_HOW TO COMPLETE THIS TASK_. Please show each line of the listing where "from" is present.

** PROVIDED INFORMATION follows **

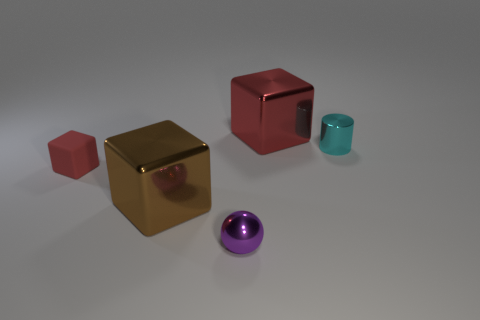Add 3 brown cubes. How many objects exist? 8 Subtract all cubes. How many objects are left? 2 Subtract 0 green cylinders. How many objects are left? 5 Subtract all large cubes. Subtract all metallic blocks. How many objects are left? 1 Add 1 big red objects. How many big red objects are left? 2 Add 2 big gray spheres. How many big gray spheres exist? 2 
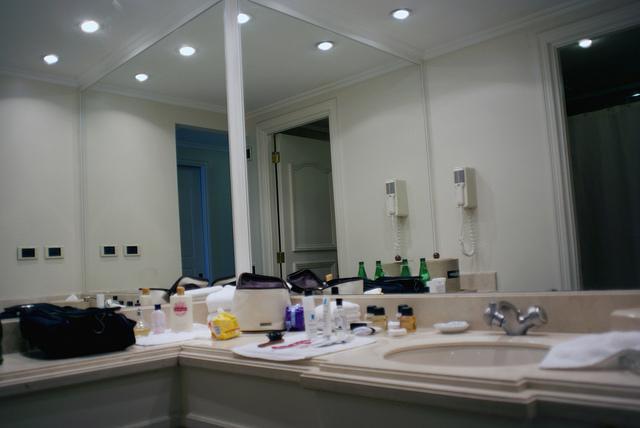How many sinks are on the counter?
Give a very brief answer. 1. How many green bottles are in this picture?
Give a very brief answer. 4. How many people are wearing a hat?
Give a very brief answer. 0. 
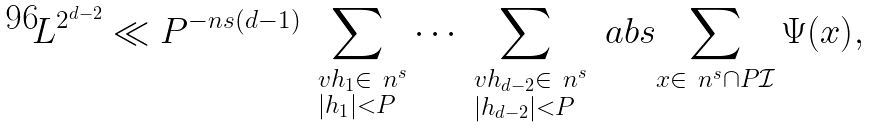Convert formula to latex. <formula><loc_0><loc_0><loc_500><loc_500>L ^ { 2 ^ { d - 2 } } \ll P ^ { - n s ( d - 1 ) } \sum _ { \substack { \ v h _ { 1 } \in \ n ^ { s } \\ | h _ { 1 } | < P } } \cdots \sum _ { \substack { \ v h _ { d - 2 } \in \ n ^ { s } \\ | h _ { d - 2 } | < P } } \ a b s { \sum _ { x \in \ n ^ { s } \cap P \mathcal { I } } \Psi ( x ) } ,</formula> 
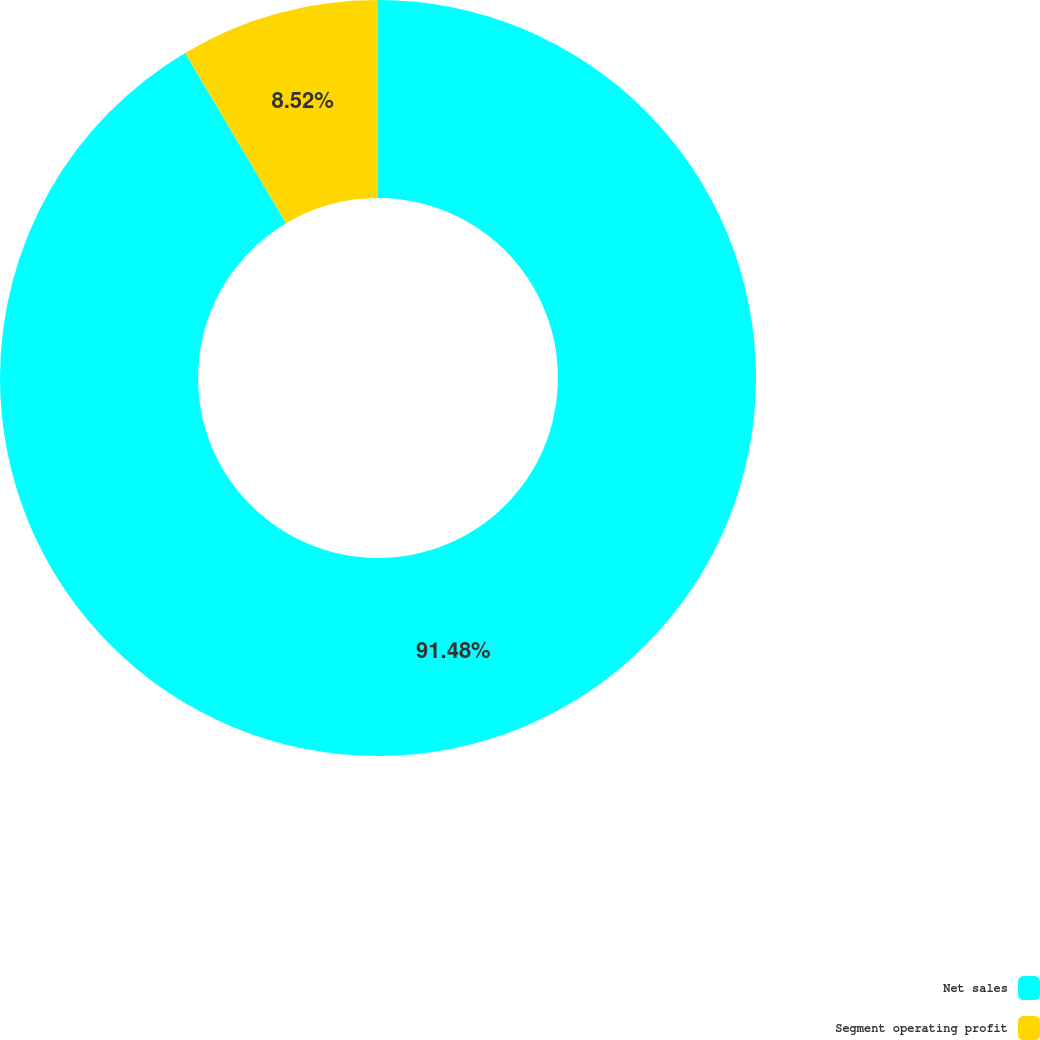<chart> <loc_0><loc_0><loc_500><loc_500><pie_chart><fcel>Net sales<fcel>Segment operating profit<nl><fcel>91.48%<fcel>8.52%<nl></chart> 
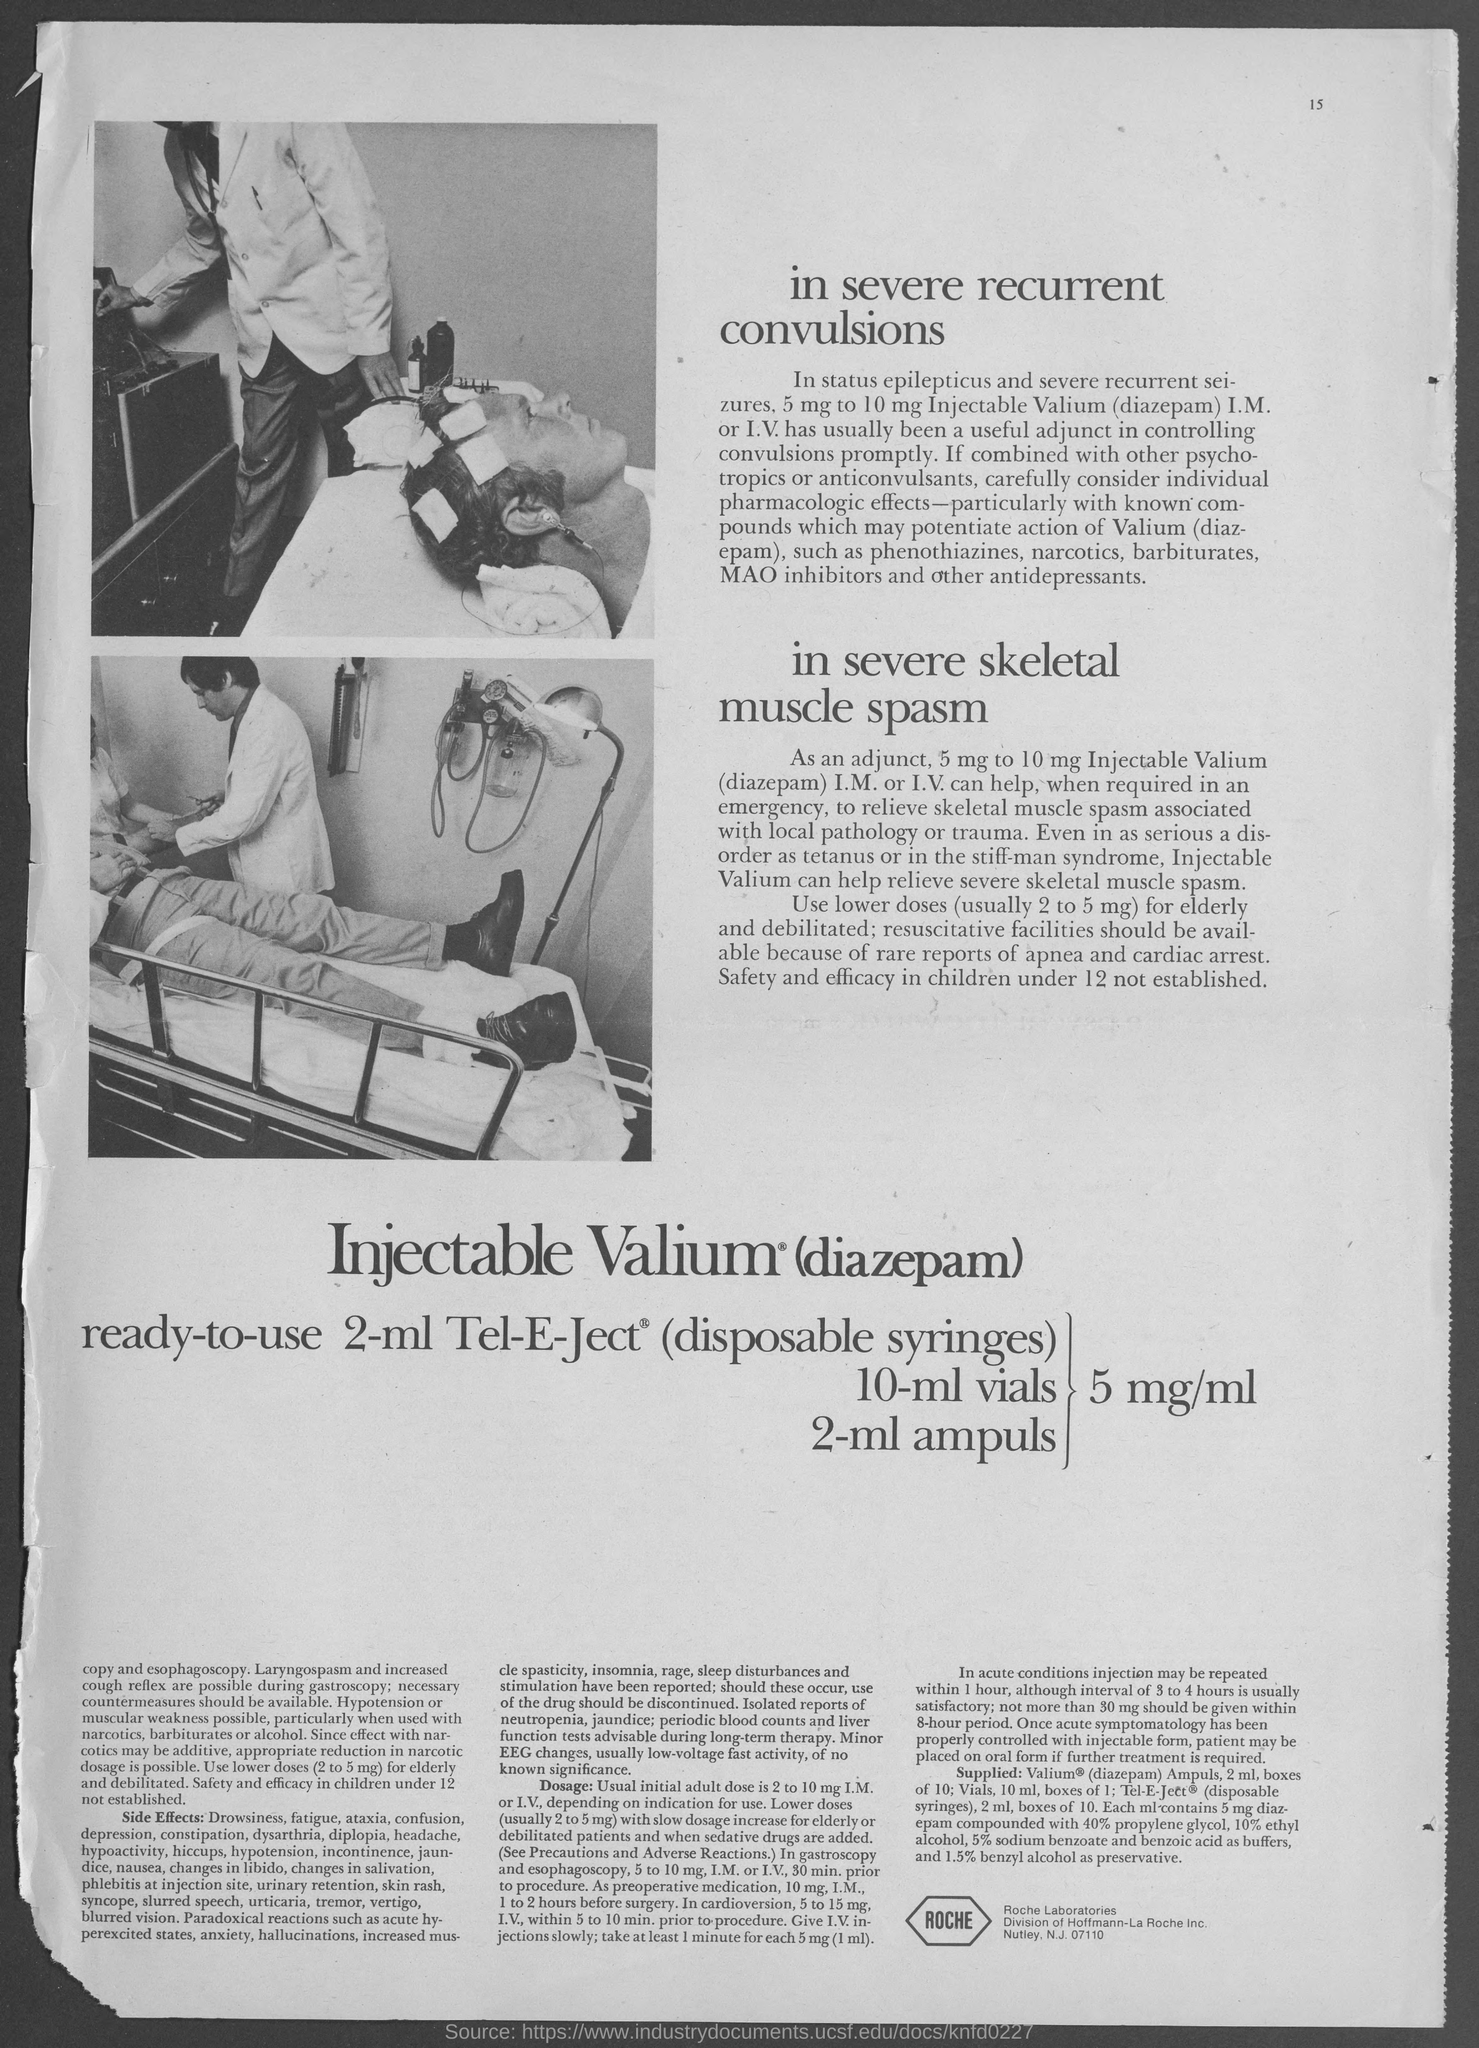In which city is roche laboratories at ?
Offer a very short reply. Nutley. 
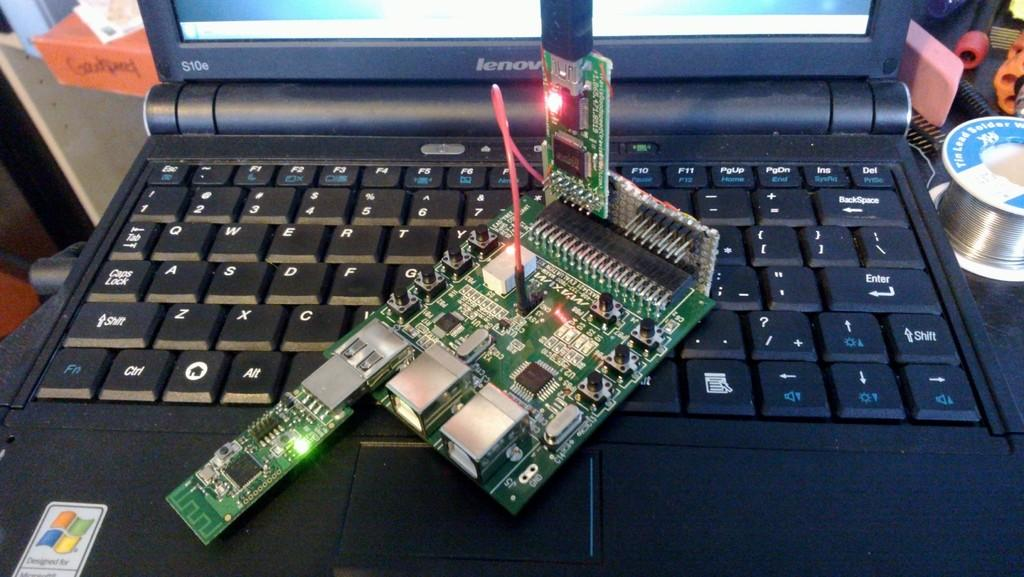<image>
Present a compact description of the photo's key features. The insides of a computer are resting on a Lenovo laptop keyboard. 
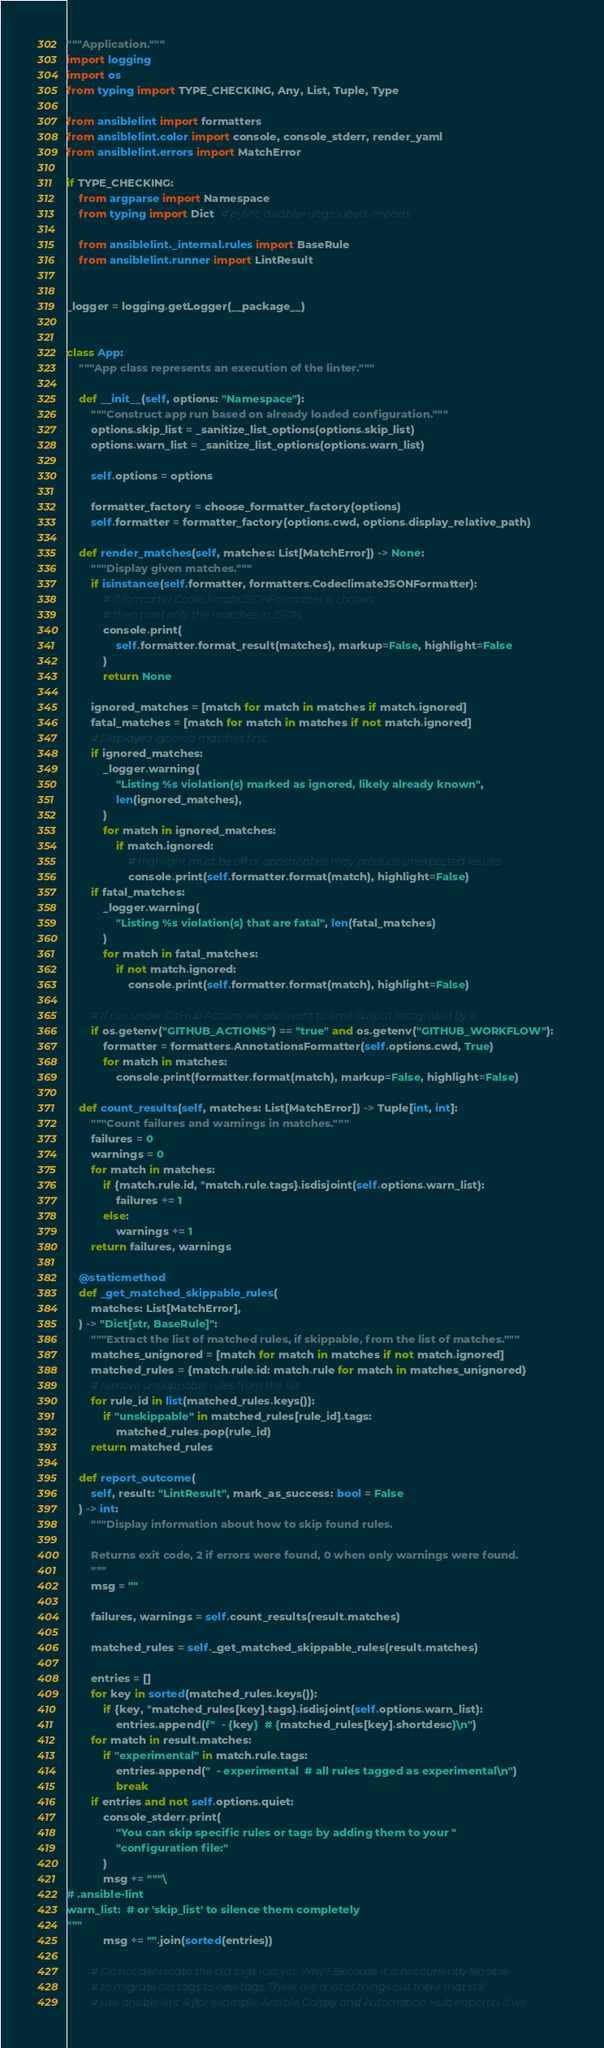<code> <loc_0><loc_0><loc_500><loc_500><_Python_>"""Application."""
import logging
import os
from typing import TYPE_CHECKING, Any, List, Tuple, Type

from ansiblelint import formatters
from ansiblelint.color import console, console_stderr, render_yaml
from ansiblelint.errors import MatchError

if TYPE_CHECKING:
    from argparse import Namespace
    from typing import Dict  # pylint: disable=ungrouped-imports

    from ansiblelint._internal.rules import BaseRule
    from ansiblelint.runner import LintResult


_logger = logging.getLogger(__package__)


class App:
    """App class represents an execution of the linter."""

    def __init__(self, options: "Namespace"):
        """Construct app run based on already loaded configuration."""
        options.skip_list = _sanitize_list_options(options.skip_list)
        options.warn_list = _sanitize_list_options(options.warn_list)

        self.options = options

        formatter_factory = choose_formatter_factory(options)
        self.formatter = formatter_factory(options.cwd, options.display_relative_path)

    def render_matches(self, matches: List[MatchError]) -> None:
        """Display given matches."""
        if isinstance(self.formatter, formatters.CodeclimateJSONFormatter):
            # If formatter CodeclimateJSONFormatter is chosen,
            # then print only the matches in JSON
            console.print(
                self.formatter.format_result(matches), markup=False, highlight=False
            )
            return None

        ignored_matches = [match for match in matches if match.ignored]
        fatal_matches = [match for match in matches if not match.ignored]
        # Displayed ignored matches first
        if ignored_matches:
            _logger.warning(
                "Listing %s violation(s) marked as ignored, likely already known",
                len(ignored_matches),
            )
            for match in ignored_matches:
                if match.ignored:
                    # highlight must be off or apostrophes may produce unexpected results
                    console.print(self.formatter.format(match), highlight=False)
        if fatal_matches:
            _logger.warning(
                "Listing %s violation(s) that are fatal", len(fatal_matches)
            )
            for match in fatal_matches:
                if not match.ignored:
                    console.print(self.formatter.format(match), highlight=False)

        # If run under GitHub Actions we also want to emit output recognized by it.
        if os.getenv("GITHUB_ACTIONS") == "true" and os.getenv("GITHUB_WORKFLOW"):
            formatter = formatters.AnnotationsFormatter(self.options.cwd, True)
            for match in matches:
                console.print(formatter.format(match), markup=False, highlight=False)

    def count_results(self, matches: List[MatchError]) -> Tuple[int, int]:
        """Count failures and warnings in matches."""
        failures = 0
        warnings = 0
        for match in matches:
            if {match.rule.id, *match.rule.tags}.isdisjoint(self.options.warn_list):
                failures += 1
            else:
                warnings += 1
        return failures, warnings

    @staticmethod
    def _get_matched_skippable_rules(
        matches: List[MatchError],
    ) -> "Dict[str, BaseRule]":
        """Extract the list of matched rules, if skippable, from the list of matches."""
        matches_unignored = [match for match in matches if not match.ignored]
        matched_rules = {match.rule.id: match.rule for match in matches_unignored}
        # remove unskippable rules from the list
        for rule_id in list(matched_rules.keys()):
            if "unskippable" in matched_rules[rule_id].tags:
                matched_rules.pop(rule_id)
        return matched_rules

    def report_outcome(
        self, result: "LintResult", mark_as_success: bool = False
    ) -> int:
        """Display information about how to skip found rules.

        Returns exit code, 2 if errors were found, 0 when only warnings were found.
        """
        msg = ""

        failures, warnings = self.count_results(result.matches)

        matched_rules = self._get_matched_skippable_rules(result.matches)

        entries = []
        for key in sorted(matched_rules.keys()):
            if {key, *matched_rules[key].tags}.isdisjoint(self.options.warn_list):
                entries.append(f"  - {key}  # {matched_rules[key].shortdesc}\n")
        for match in result.matches:
            if "experimental" in match.rule.tags:
                entries.append("  - experimental  # all rules tagged as experimental\n")
                break
        if entries and not self.options.quiet:
            console_stderr.print(
                "You can skip specific rules or tags by adding them to your "
                "configuration file:"
            )
            msg += """\
# .ansible-lint
warn_list:  # or 'skip_list' to silence them completely
"""
            msg += "".join(sorted(entries))

        # Do not deprecate the old tags just yet. Why? Because it is not currently feasible
        # to migrate old tags to new tags. There are a lot of things out there that still
        # use ansible-lint 4 (for example, Ansible Galaxy and Automation Hub imports). If we</code> 
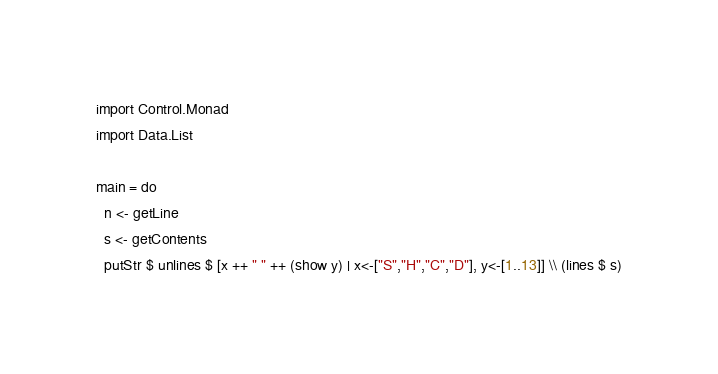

** End of PROVIDED INFORMATION **

_RESULT_.
from typing import TYPE_CHECKING, Any, List, Tuple, Type
from ansiblelint import formatters
from ansiblelint.color import console, console_stderr, render_yaml
from ansiblelint.errors import MatchError
    from argparse import Namespace
    from typing import Dict  # pylint: disable=ungrouped-imports
    from ansiblelint._internal.rules import BaseRule
    from ansiblelint.runner import LintResult
        """Extract the list of matched rules, if skippable, from the list of matches."""
        # remove unskippable rules from the list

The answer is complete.